Summary
Two studies investigated the use of DNA methylation patterns and sex-specific gene expression in neuroendocrine neoplasms (NEN) and Alzheimer disease, respectively. The first study found that DNA methylation patterns can help identify the site of origin for NEN, including distinguishing primary hepatic NEN from other types. The second study revealed sex-specific gene expression associations with Alzheimer disease neuropathology and cognitive decline, highlighting the need for precision medicine approaches.

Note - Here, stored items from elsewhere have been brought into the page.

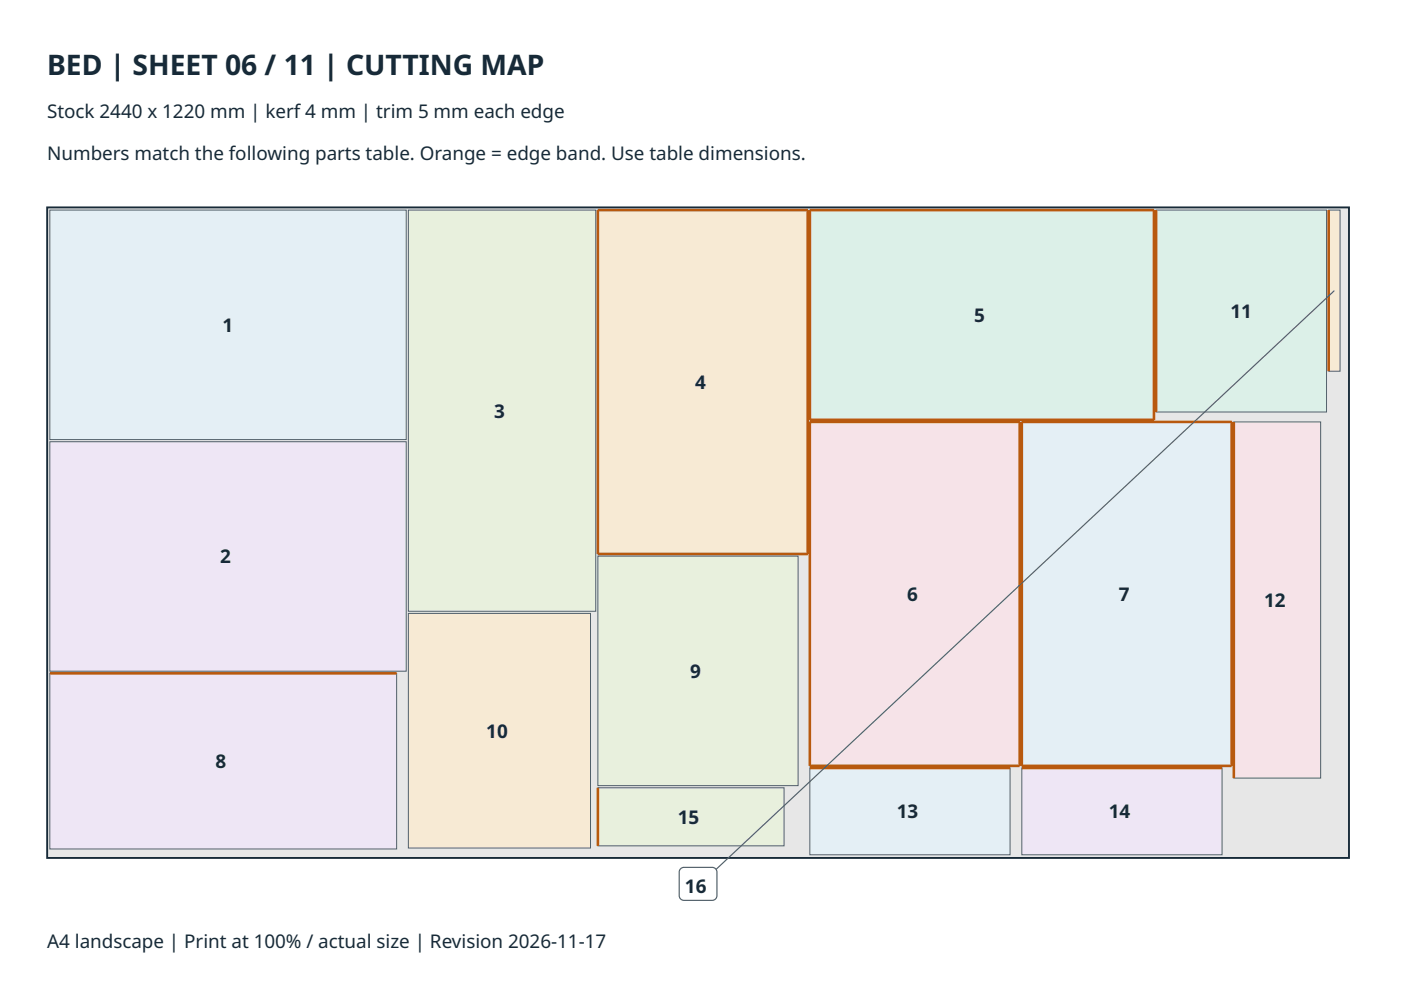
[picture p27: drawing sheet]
<svg xmlns="http://www.w3.org/2000/svg" width="297mm" height="210mm" viewBox="0 0 297 210" stroke-linecap="round" stroke-linejoin="round" font-family="sans-serif">
<defs><g id="words">
<text font-size="6" fill="#172a38" x="10" y="16">BED | SHEET 06 / 11 | CUTTING MAP</text>
<g font-size="4" fill="#172a38">
<text x="10" y="25">Stock 2440 x 1220 mm | kerf 4 mm | trim 5 mm each edge</text>
<text x="10" y="34">Numbers match the following parts table. Orange = edge band. Use table dimensions.</text>
<text x="47.2" y="70.4">1</text>
<text x="206.5" y="68.3">5</text>
<text x="260.9" y="67.4">11</text>
<text x="147.4" y="82.5">4</text>
<text x="104.8" y="88.6">3</text>
<text x="46.7" y="119.5">2</text>
<text x="192.3" y="127.4">6</text>
<text x="237.2" y="127.4">7</text>
<text x="268" y="128.7">12</text>
<text x="146.3" y="143.7">9</text>
<text x="103.1" y="156.4">10</text>
<text x="45.7" y="162.9">8</text>
<text x="190.1" y="173.5">13</text>
<text x="235.1" y="173.5">14</text>
<text x="143.7" y="174.7">15</text>
<text x="145.2" y="189.4">16</text>
<text x="10" y="200.9">A4 landscape | Print at 100% / actual size | Revision 2026-11-17</text>
</g>
</g></defs>
<path d="M10 44h276v137.9h-276z" fill="#e7e7e7"/>
<path d="M10 44h276v137.9h-276z" fill="none" stroke="#172a38" stroke-width=".4"/>
<path d="M10.6 44.5h75.5v48.7h-75.5z" fill="#e4eff5"/>
<path d="M10.6 44.5h75.5v48.7h-75.5z" fill="none" stroke="#52606b" stroke-width=".21"/>
<path d="M10.6 93.7h75.5v48.6h-75.5z" fill="#eee6f5"/>
<path d="M10.6 93.7h75.5v48.6h-75.5z" fill="none" stroke="#52606b" stroke-width=".21"/>
<path d="M86.6 44.5h39.7v85.1h-39.7z" fill="#e8f0dd"/>
<path d="M86.6 44.5h39.7v85.1h-39.7z" fill="none" stroke="#52606b" stroke-width=".21"/>
<path d="M126.8 44.5h44.5v73h-44.5z" fill="#f7ead4"/>
<path d="M126.8 44.5h44.5v73h-44.5z" fill="none" stroke="#52606b" stroke-width=".21"/>
<path d="M126.8 44.5h44.5zM126.8 44.5v73zM171.3 44.5v73zM126.8 117.5h44.5z" fill="#000" stroke="#b8590e" stroke-width=".55"/>
<path d="M171.7 44.5h73v44.5h-73z" fill="#dcf0e8"/>
<path d="M171.7 44.5h73v44.5h-73z" fill="none" stroke="#52606b" stroke-width=".21"/>
<path d="M171.7 44.5h73zM171.7 44.5v44.5zM244.7 44.5v44.5zM171.7 89h73z" fill="#000" stroke="#b8590e" stroke-width=".55"/>
<path d="M171.7 89.5h44.5v72.9h-44.5z" fill="#f6e3e8"/>
<path d="M171.7 89.5h44.5v72.9h-44.5z" fill="none" stroke="#52606b" stroke-width=".21"/>
<path d="M171.7 89.5h44.5zM171.7 89.5v72.9zM216.2 89.5v72.9zM171.7 162.4h44.5z" fill="#000" stroke="#b8590e" stroke-width=".55"/>
<path d="M216.6 89.5h44.5v72.9h-44.5z" fill="#e4eff5"/>
<path d="M216.6 89.5h44.5v72.9h-44.5z" fill="none" stroke="#52606b" stroke-width=".21"/>
<path d="M216.6 89.5h44.5zM216.6 89.5v72.9zM261.1 89.5v72.9zM216.6 162.4h44.5z" fill="#000" stroke="#b8590e" stroke-width=".55"/>
<path d="M10.6 142.8h73.5v37.2h-73.5z" fill="#eee6f5"/>
<path d="M10.6 142.8h73.5v37.2h-73.5z" fill="none" stroke="#52606b" stroke-width=".21"/>
<path d="M10.6 142.8h73.5z" fill="#000" stroke="#b8590e" stroke-width=".55"/>
<path d="M126.8 117.9h42.4v48.7h-42.4z" fill="#e8f0dd"/>
<path d="M126.8 117.9h42.4v48.7h-42.4z" fill="none" stroke="#52606b" stroke-width=".21"/>
<path d="M86.6 130.1h38.6v49.7h-38.6z" fill="#f7ead4"/>
<path d="M86.6 130.1h38.6v49.7h-38.6z" fill="none" stroke="#52606b" stroke-width=".21"/>
<path d="M245.1 44.5h36.1v42.9h-36.1z" fill="#dcf0e8"/>
<path d="M245.1 44.5h36.1v42.9h-36.1z" fill="none" stroke="#52606b" stroke-width=".21"/>
<path d="M245.1 44.5v42.9z" fill="#000" stroke="#b8590e" stroke-width=".55"/>
<path d="M261.6 89.5h18.4v75.5h-18.4z" fill="#f6e3e8"/>
<path d="M261.6 89.5h18.4v75.5h-18.4z" fill="none" stroke="#52606b" stroke-width=".21"/>
<path d="M261.6 89.5v75.5z" fill="#000" stroke="#b8590e" stroke-width=".55"/>
<path d="M171.7 162.8h42.5v18.4h-42.5z" fill="#e4eff5"/>
<path d="M171.7 162.8h42.5v18.4h-42.5z" fill="none" stroke="#52606b" stroke-width=".21"/>
<path d="M171.7 162.8h42.5z" fill="#000" stroke="#b8590e" stroke-width=".55"/>
<path d="M216.6 162.8h42.5v18.4h-42.5z" fill="#eee6f5"/>
<path d="M216.6 162.8h42.5v18.4h-42.5z" fill="none" stroke="#52606b" stroke-width=".21"/>
<path d="M216.6 162.8h42.5z" fill="#000" stroke="#b8590e" stroke-width=".55"/>
<path d="M126.8 167h39.4v12.3h-39.4z" fill="#e8f0dd"/>
<path d="M126.8 167h39.4v12.3h-39.4z" fill="none" stroke="#52606b" stroke-width=".21"/>
<path d="M126.8 167v12.3z" fill="#000" stroke="#b8590e" stroke-width=".55"/>
<path d="M281.7 44.5h2.4v34.2h-2.4z" fill="#f7ead4"/>
<path d="M281.7 44.5h2.4v34.2h-2.4z" fill="none" stroke="#52606b" stroke-width=".21"/>
<path d="M281.7 44.5v34.2z" fill="#000" stroke="#b8590e" stroke-width=".55"/>
<path d="M282.9 61.6l-134.9 126.3" fill="none" stroke="#52606b" stroke-width=".25"/>
<path d="M144.3 184.2l.7-.3h6a1 1 0 0 1 1 1v5a1 1 0 0 1-1 1h-6a1 1 0 0 1-1-1v-5z" fill-rule="evenodd" fill="#fff"/>
<path d="M144.3 184.2l.7-.3h6a1 1 0 0 1 1 1v5a1 1 0 0 1-1 1h-6a1 1 0 0 1-1-1v-5z" fill="none" stroke="#52606b" stroke-width=".25"/>
<use href="#words"/>
</svg>

Editors: Donna E. Hansel, MD, PhD, division head of pathology and laboratory medicine, MD Anderson Cancer Center, Houston; James Solomon, MD, PhD, assistant professor, Department of Pathology and Laboratory Medicine, Weill Cornell Medicine, New York; Erica Reinig, MD, assistant professor and medical director of molecular diagnostics, University of Wisconsin-Madison; Marcela Riveros Angel, MD, molecular genetic pathology fellow, Department of Pathology, Oregon Health and Science University, Portland; Maedeh Mohebnasab, MD, assistant professor of pathology, University of Pittsburgh; Alicia Dillard, MD, molecular pathologist, Sonic Healthcare USA, Rye Brook, NY; and Richard Wong, MD, PhD, assistant professor of pathology, University of California San Diego.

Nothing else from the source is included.